Orelsan et les nouveaux codes du clip

REALISATION – Enfin, Orelsan revient. Tant mieux pour nos oreilles, mais également pour nos yeux. Dans la lignée de ses précédents visuels, le Caennais innove tout en restant simple. Basique.

Lancé dans le bain du septième art avec son film Comment c’est loin il y a deux ans, Orelsan apparaît depuis quelques années impliqué dans la réalisation de ses clips – c’est que ses textes extraterrestres ne peuvent plus s’illustrer de manière conventionnelle. S’il a une place à part dans le rap-jeu, le compère de Gringe a fait de même dans le clip-jeu.

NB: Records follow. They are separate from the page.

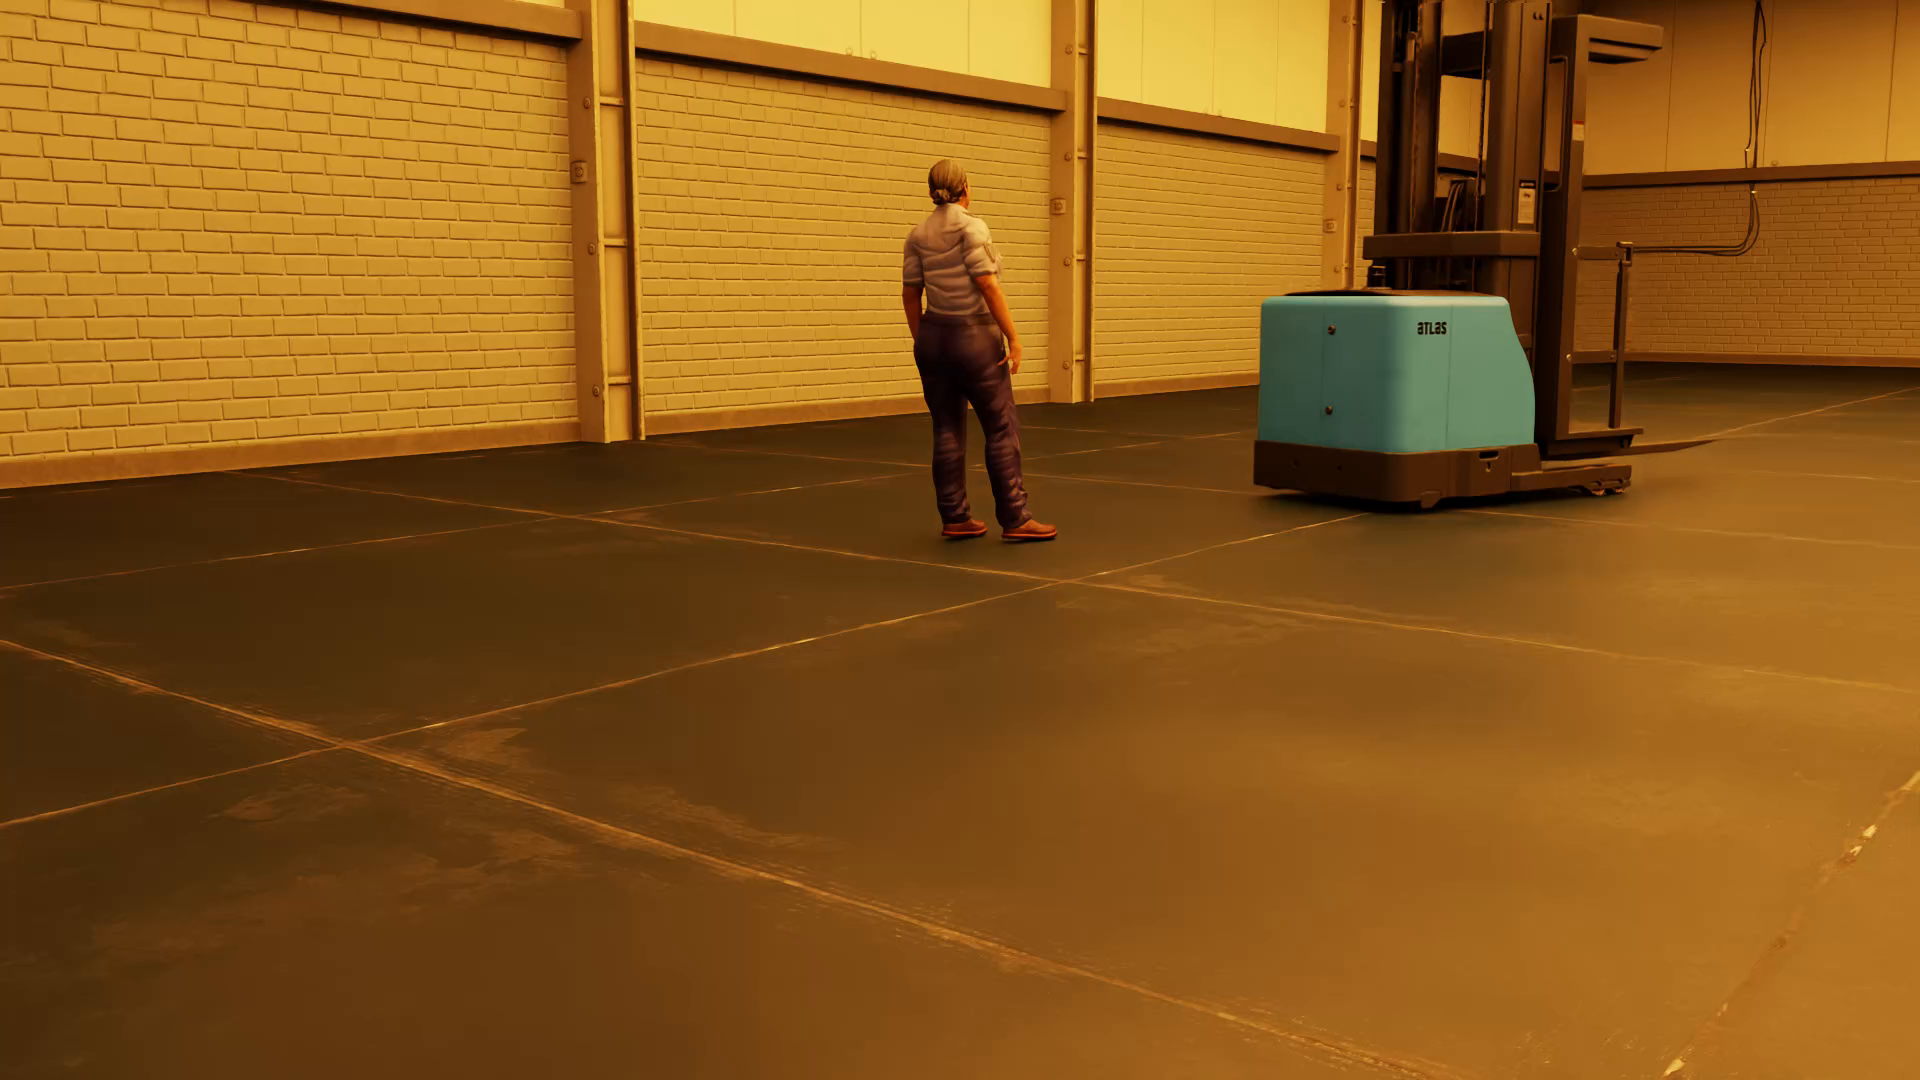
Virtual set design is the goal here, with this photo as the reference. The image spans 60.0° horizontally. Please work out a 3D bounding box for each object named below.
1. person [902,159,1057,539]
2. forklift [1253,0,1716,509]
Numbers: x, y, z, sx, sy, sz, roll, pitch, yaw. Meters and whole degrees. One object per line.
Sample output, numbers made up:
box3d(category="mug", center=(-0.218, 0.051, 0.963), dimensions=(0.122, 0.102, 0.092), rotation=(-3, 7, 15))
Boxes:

Les clips de plus en plus stylisés

Depuis quelques temps, la mode est à la stylisation extrême. Les artistes hip-hop les plus en vue des deux côtés de l’Atlantique s’attachent à dégager une image esthétisée, filtrée.   Style loufoque, effets spéciaux, raccords abrupts: tous les moyens sont bons pour déformer l’apparence du réel.

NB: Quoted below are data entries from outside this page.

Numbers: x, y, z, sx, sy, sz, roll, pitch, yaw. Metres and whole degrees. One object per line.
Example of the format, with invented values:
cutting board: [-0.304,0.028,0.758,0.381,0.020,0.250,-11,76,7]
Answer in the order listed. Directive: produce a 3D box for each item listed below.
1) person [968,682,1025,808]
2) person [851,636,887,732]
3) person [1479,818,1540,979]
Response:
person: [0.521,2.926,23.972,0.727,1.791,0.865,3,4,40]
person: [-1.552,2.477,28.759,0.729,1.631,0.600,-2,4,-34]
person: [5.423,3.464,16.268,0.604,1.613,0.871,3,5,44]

Prenons quelques réalisations récentes de sons à succès. Butterfly Effect de Travis Scott s’est vu décliné en une vidéo super dynamique, avec des plans rapides et entrecoupés, ainsi qu’une bonne dose d’effets « psychédéliques » à la post-production. Les jeux de lumière et les collages s’empilent pour casser toute continuité visuelle. Le but est d’emmener le visionneur dans une expérience déroutante où aucun repère ne subsiste. La réalisation fait recours à des éléments externes pour donner une dimension supplémentaire au contenu; les papillons virtuels renvoient au texte mais impriment au clip une symbolique de liberté. Ce que le rappeur montre et chante ne suffit plus, et le contenu de la musique trouve un écho dans des éléments externes. Le résultat est un collage hétéroclite et dynamique.

Quant au succès de l’été, XO Tour Lif3 de Lil Uzi Vert, il a accouché d’un clip résolument rétro. Tout comme I feel it coming de The Weeknd, les clips de Sneazzy ou encore ceux de Django, l’esthétique des années 90 est remise au goût du jour. Bandes grises, mauvaise résolution, les défauts des vidéocassettes n’en sont plus et y prennent au contraire une place d’honneur. Une autre manière pour les artistes de sortir du mainstream, de se donner un style original.

Dans ces deux clips, tout revient à une seule et même ambition:  déformer le réel par une réalisation tout-terrain et ultra-mobile. A contresens, Orelsan cherche plutôt, ces dernières années, à purifier ses productions visuelles. Depuis son explosion en 2012 avec son album le chant des Sirènes, il a profité de plus grands moyens pour développer une esthétique personnelle du clip.

L’avènement du plan-séquence

Des histoires à raconter, issu du premier album avec son compère Gringe, dégage ainsi une grande impression de simplicité. On y voit les deux artistes dans différents décors avec, à chaque fois, un élément qui répète son mouvement en boucle, arrangé de manière ingénieuse. Le visuel se veut mécanique, géométrique. Simple. Basique.

Pour leur second album, le clip de Inachevés est quant à lui tourné sous forme de plan-séquence (l’ensemble de la vidéo est tournée avec une seule caméra de manière continue). Là encore, il s’agit de purifier le rendu en lui donnant une fluidité ultime, une mécanique en apparence simple. Là où les autres artistes cherchent à hacher le déroulement du visuel, lui le fluidifie au maximum. Parce qu’un plan-séquence, c’est la réalité même, c’est comme se balader et regarder ce qui se passe. Depuis, ce type de clip a fait des émules: J’aurais pas dû du $-Crew et TMTC de Caballero & JeanJass ont suivi le même chemin. Une démarche en apparence simple mais qui requiert une organisation et une virtuosité hors du commun.

On en vient à son dernier clip, dans lequel Orelsan réitère l’expérience. Pas de changement de plan donc, et quelque chose plutôt épuré. La dextérité de Greg & Lio (qui ont aussi réalisé les deux clips cités plus haut) est à saluer, notamment à la manœuvre du drone. Mais, au fond, le résultat reste un mec qui marche tout droit au milieu de types en costard-cravate, et c’est ça qui est génial!

Des décors vivants

En fait, le rappeur français déplace toute la dynamique dans des arrière-plans qui prennent vie. Les objets sont automatisés dans Des histoire à raconter, divers moyens de locomotion s’enchaînent dans Inachevés, et dans Basique, la « haie d’honneur » prend en charge toute la variation nécessaire entre les phases.

Et cela fait de la place pour lui: il peut s’assumer et faire ainsi de lui-même le centre de l’attention.  Tout le mouvement est déplacé en arrière plan, le rappeur peut ainsi se montrer sous son apparence la plus naturelle. A l’image d’un rap qui se veut authentique. Simple. Basique.